HitBliss
- Company type: Private
- Website type: Streaming media
- Founded: 2008; 18 years ago
- Headquarters: Lexington, Massachusetts, {{{location_country}}}
- Founders: Sharon Peyer Andrew Prihodko
- Website: www.hitbliss.com
- Current status: Defunct

= HitBliss =

HitBliss was an online service that consisted of two applications: HitBliss Earn and HitBliss Store. In HitBliss Earn, users opted in and selected targeted ads to consume on their own schedule. In exchange for their verified time and attention, users received payment. Earnings could be used to purchase entertainment (e.g., movies, TV episodes, and Pandora One Subscriptions) via the HitBliss Store application. Users could stream movies and TV shows in HitBliss application.

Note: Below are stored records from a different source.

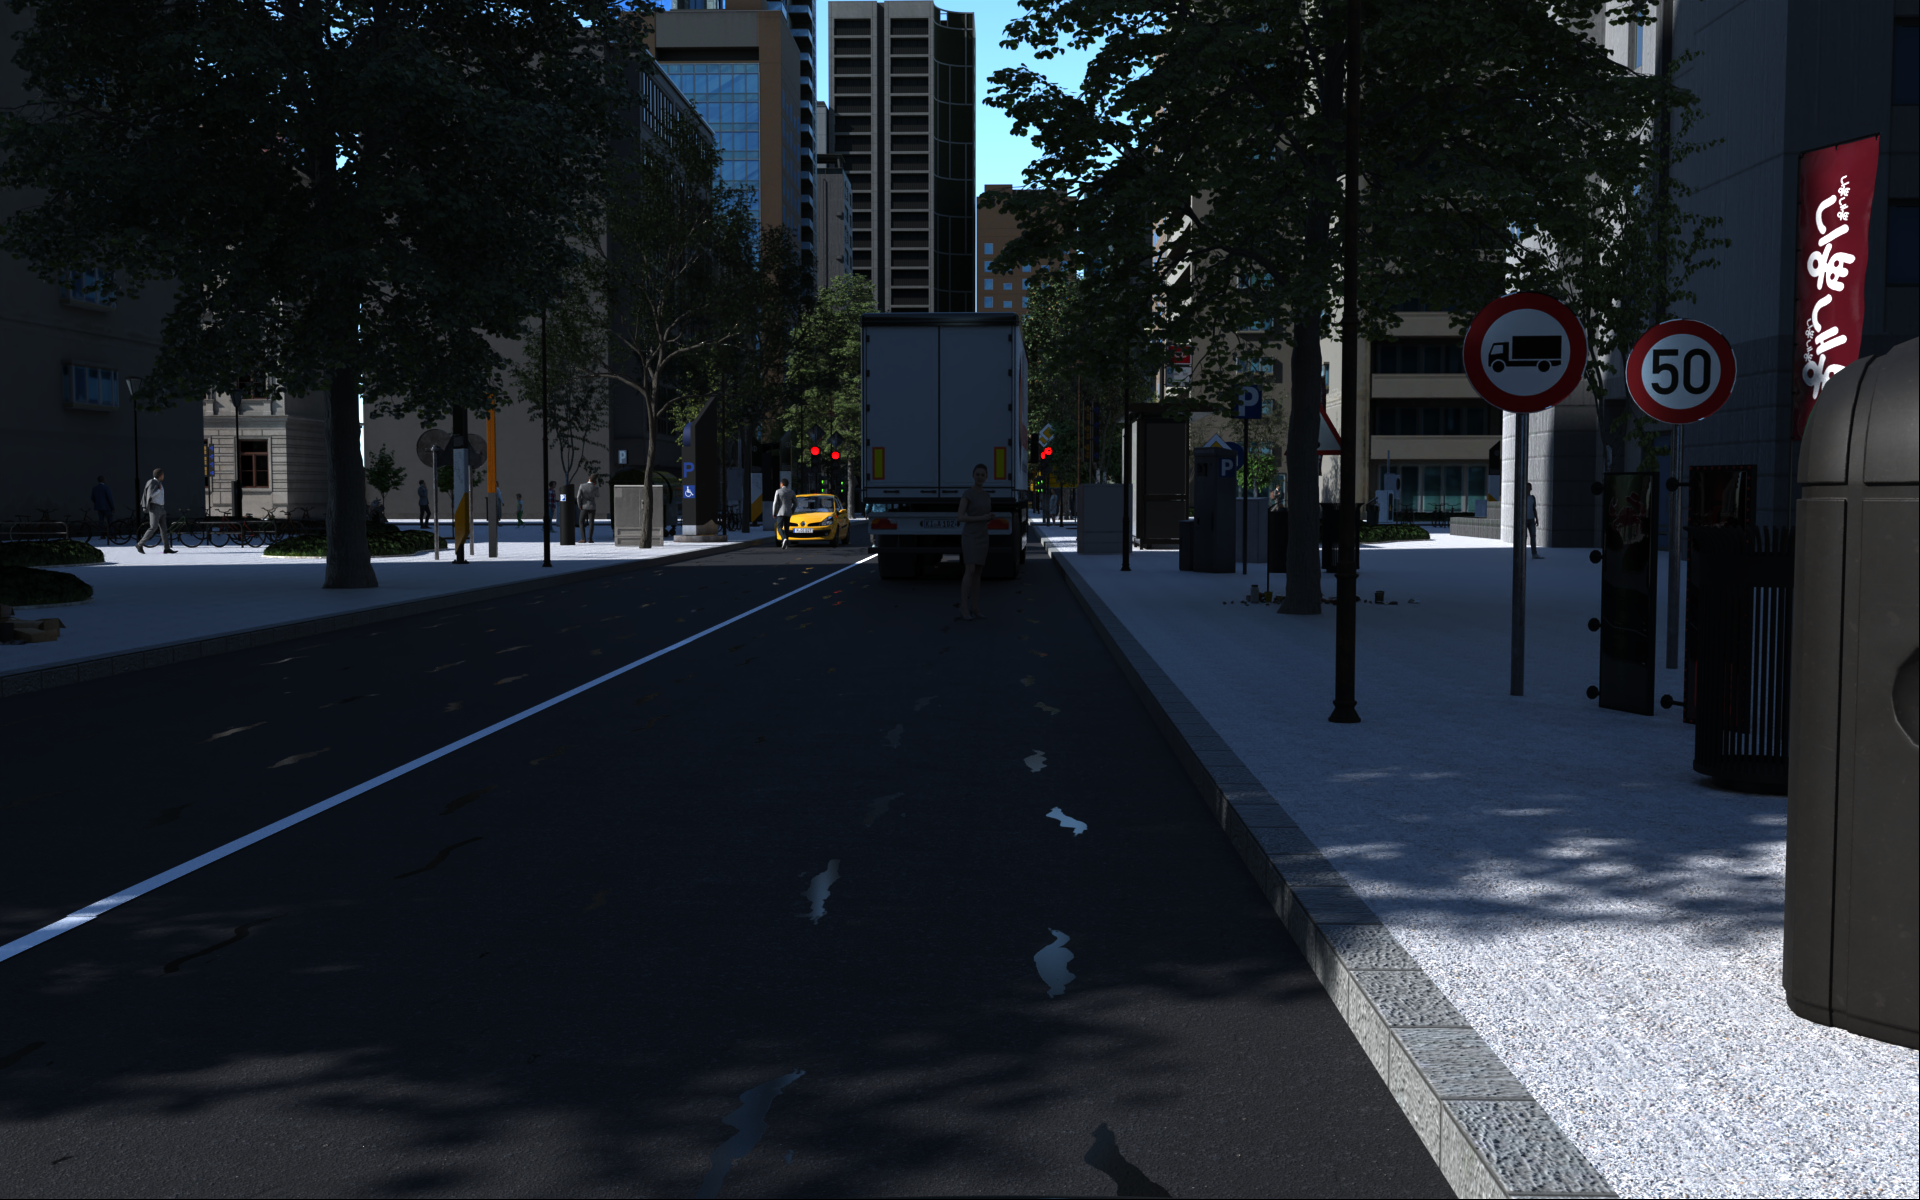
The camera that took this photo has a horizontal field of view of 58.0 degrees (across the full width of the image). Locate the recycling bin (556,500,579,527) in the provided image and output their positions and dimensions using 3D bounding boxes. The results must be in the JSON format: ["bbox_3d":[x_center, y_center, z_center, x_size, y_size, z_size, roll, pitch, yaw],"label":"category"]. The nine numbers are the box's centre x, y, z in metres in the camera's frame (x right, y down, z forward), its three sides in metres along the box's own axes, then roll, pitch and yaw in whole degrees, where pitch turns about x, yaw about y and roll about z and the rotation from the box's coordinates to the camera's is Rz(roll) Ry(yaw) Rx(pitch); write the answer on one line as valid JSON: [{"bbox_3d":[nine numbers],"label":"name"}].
[{"bbox_3d":[-15.500,-3.428,68.598,0.722,1.027,0.722,3,4,38],"label":"recycling bin"}]

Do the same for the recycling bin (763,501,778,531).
[{"bbox_3d":[-6.543,-2.953,60.828,0.722,1.027,0.722,0,4,-1],"label":"recycling bin"}]

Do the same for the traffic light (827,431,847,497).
[{"bbox_3d":[-5.456,-5.364,76.626,0.839,4.253,0.868,0,4,2],"label":"traffic light"}]

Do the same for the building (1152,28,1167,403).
[{"bbox_3d":[25.607,-31.365,162.930,14.600,45.320,14.200,0,4,2],"label":"building"}]

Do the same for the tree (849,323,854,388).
[{"bbox_3d":[-7.207,-7.483,56.757,8.767,10.594,7.601,1,4,13],"label":"tree"}]

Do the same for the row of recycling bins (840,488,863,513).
[{"bbox_3d":[-7.306,-6.780,117.961,1.069,1.692,3.534,2,4,34],"label":"row of recycling bins"}]

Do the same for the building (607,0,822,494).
[{"bbox_3d":[-25.467,-53.088,180.658,22.319,86.520,31.000,0,4,2],"label":"building"}]

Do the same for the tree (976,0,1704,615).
[{"bbox_3d":[4.098,-6.124,18.256,7.486,12.596,7.792,0,3,0],"label":"tree"}]

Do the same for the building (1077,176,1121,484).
[{"bbox_3d":[32.078,-38.981,256.951,30.456,49.044,23.786,0,4,2],"label":"building"}]

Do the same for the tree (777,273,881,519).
[{"bbox_3d":[-6.044,-10.484,89.546,7.486,12.596,7.792,0,3,0],"label":"tree"}]

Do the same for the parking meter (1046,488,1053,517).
[{"bbox_3d":[4.850,-5.457,94.939,0.399,1.863,0.255,2,4,27],"label":"parking meter"}]

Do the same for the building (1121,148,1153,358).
[{"bbox_3d":[26.156,-32.030,207.280,14.154,41.232,14.086,0,4,2],"label":"building"}]

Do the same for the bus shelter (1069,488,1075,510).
[{"bbox_3d":[8.074,-8.285,113.089,2.179,5.291,8.768,0,4,2],"label":"bus shelter"}]

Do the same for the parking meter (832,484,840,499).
[{"bbox_3d":[-6.897,-5.536,96.227,0.255,1.863,0.399,3,5,42],"label":"parking meter"}]

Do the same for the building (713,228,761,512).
[{"bbox_3d":[-22.696,-18.971,129.260,14.460,24.649,34.723,0,4,2],"label":"building"}]

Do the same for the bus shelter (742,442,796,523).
[{"bbox_3d":[-8.869,-5.477,80.825,1.731,3.624,6.357,0,4,2],"label":"bus shelter"}]

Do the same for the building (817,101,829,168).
[{"bbox_3d":[-32.679,-43.736,257.082,28.212,58.520,21.231,0,4,2],"label":"building"}]

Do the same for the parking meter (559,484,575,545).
[{"bbox_3d":[-9.857,-2.144,43.469,0.372,1.533,0.369,0,3,0],"label":"parking meter"}]

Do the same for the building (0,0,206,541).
[{"bbox_3d":[-36.698,-25.933,47.704,21.600,48.544,21.300,0,4,2],"label":"building"}]

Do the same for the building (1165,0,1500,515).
[{"bbox_3d":[27.562,-31.209,133.971,21.300,48.544,21.600,0,4,2],"label":"building"}]

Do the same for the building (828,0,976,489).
[{"bbox_3d":[-8.125,-49.944,254.842,20.611,71.187,20.563,0,4,2],"label":"building"}]

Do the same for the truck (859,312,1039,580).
[{"bbox_3d":[0.001,-2.657,32.353,2.839,4.237,11.283,0,4,3],"label":"truck"}]

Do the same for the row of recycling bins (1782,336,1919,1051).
[{"bbox_3d":[3.687,0.139,4.844,3.534,1.692,1.069,-2,4,-30],"label":"row of recycling bins"}]

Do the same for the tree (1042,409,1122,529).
[{"bbox_3d":[4.558,-4.883,63.543,4.285,4.588,4.351,0,3,0],"label":"tree"}]

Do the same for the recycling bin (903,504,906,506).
[{"bbox_3d":[-4.270,-7.190,130.117,0.722,1.027,0.722,0,4,-7],"label":"recycling bin"}]

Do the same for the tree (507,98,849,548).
[{"bbox_3d":[-7.097,-6.493,40.571,7.601,10.594,8.767,0,4,5],"label":"tree"}]

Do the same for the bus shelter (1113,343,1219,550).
[{"bbox_3d":[5.063,-4.055,43.936,2.179,5.291,8.768,0,4,2],"label":"bus shelter"}]

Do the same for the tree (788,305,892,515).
[{"bbox_3d":[-5.567,-11.461,104.398,9.611,12.733,9.660,0,3,0],"label":"tree"}]

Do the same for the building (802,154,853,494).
[{"bbox_3d":[-20.241,-32.197,210.022,14.086,41.232,14.154,0,4,2],"label":"building"}]

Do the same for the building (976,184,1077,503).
[{"bbox_3d":[9.623,-36.872,252.971,14.200,45.320,14.600,0,4,2],"label":"building"}]

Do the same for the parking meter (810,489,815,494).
[{"bbox_3d":[-6.946,-4.493,81.872,0.372,1.533,0.369,0,3,0],"label":"parking meter"}]

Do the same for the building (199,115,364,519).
[{"bbox_3d":[-44.356,-15.773,94.049,21.152,22.565,11.583,0,4,2],"label":"building"}]

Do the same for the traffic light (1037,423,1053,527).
[{"bbox_3d":[3.472,-4.861,68.397,0.839,4.253,0.868,0,4,2],"label":"traffic light"}]

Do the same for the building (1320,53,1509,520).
[{"bbox_3d":[29.986,-28.760,93.934,21.600,48.544,21.300,0,4,2],"label":"building"}]

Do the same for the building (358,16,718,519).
[{"bbox_3d":[-22.900,-18.690,99.082,14.314,27.812,24.014,0,4,2],"label":"building"}]

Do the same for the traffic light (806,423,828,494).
[{"bbox_3d":[-5.686,-4.876,68.644,0.839,4.253,0.868,0,4,2],"label":"traffic light"}]

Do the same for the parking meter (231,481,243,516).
[{"bbox_3d":[-31.932,-4.330,76.509,0.255,1.863,0.399,3,4,38],"label":"parking meter"}]

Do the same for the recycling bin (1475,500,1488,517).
[{"bbox_3d":[23.697,-4.003,78.004,0.722,1.027,0.722,-2,4,-28],"label":"recycling bin"}]

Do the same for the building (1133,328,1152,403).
[{"bbox_3d":[33.094,-20.829,185.586,27.650,21.520,28.899,0,4,2],"label":"building"}]

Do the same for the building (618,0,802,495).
[{"bbox_3d":[-22.307,-31.134,159.150,14.600,45.320,14.200,0,4,2],"label":"building"}]

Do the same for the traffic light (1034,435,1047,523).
[{"bbox_3d":[3.702,-5.349,76.378,0.839,4.253,0.868,0,4,2],"label":"traffic light"}]

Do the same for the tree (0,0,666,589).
[{"bbox_3d":[-8.355,-7.133,23.275,9.857,13.997,8.962,0,3,0],"label":"tree"}]

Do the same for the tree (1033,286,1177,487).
[{"bbox_3d":[4.874,-6.602,58.301,4.737,8.622,4.395,0,3,0],"label":"tree"}]

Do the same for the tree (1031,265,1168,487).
[{"bbox_3d":[4.184,-6.268,52.848,4.360,8.622,3.978,0,3,0],"label":"tree"}]

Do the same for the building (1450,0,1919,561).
[{"bbox_3d":[24.697,-30.541,41.342,21.231,58.520,28.212,0,4,2],"label":"building"}]

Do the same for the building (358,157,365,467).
[{"bbox_3d":[-63.656,-32.264,211.115,14.086,41.232,14.154,0,4,2],"label":"building"}]

The service is available to subscribers in the US, UK, Canada, and Australia, as well as other countries.

The company was based in Lexington, Massachusetts, USA and was founded in 2008 by Sharon Peyer and Andrew Prihodko. HitBliss was privately backed by Alpond Capital.

Formerly, it competed with Hulu and Netflix, but the company stated that their video on demand (VOD) application was an effort to prove the viability of the HitBliss earned-payment method. The HitBliss earned-payment method was positioned as an alternative to credit cards or PayPal so that consumers could purchase a variety of items, including apps, games, and music, with their earned cash. In September 2013, HitBliss announced an agreement with Pandora Music, which allowed HitBliss users to purchase $3.99/month Pandora One subscriptions with their earned-cash.

==Affiliation==
HitBliss had deals with three film studios (Warner Bros., Paramount and Universal) as well as Starz to offer Hollywood movies in the DVD/transactional VOD window and EST TV episodes the day after they air.

==Discontinuation==
On 6 May 2014, HitBliss wrote on their blog that the service will be suspended while post-beta preparations are completed. Users who had a current balance were given the option to redeem their account balance as an Amazon Gift Card that was applied toward movies or videos.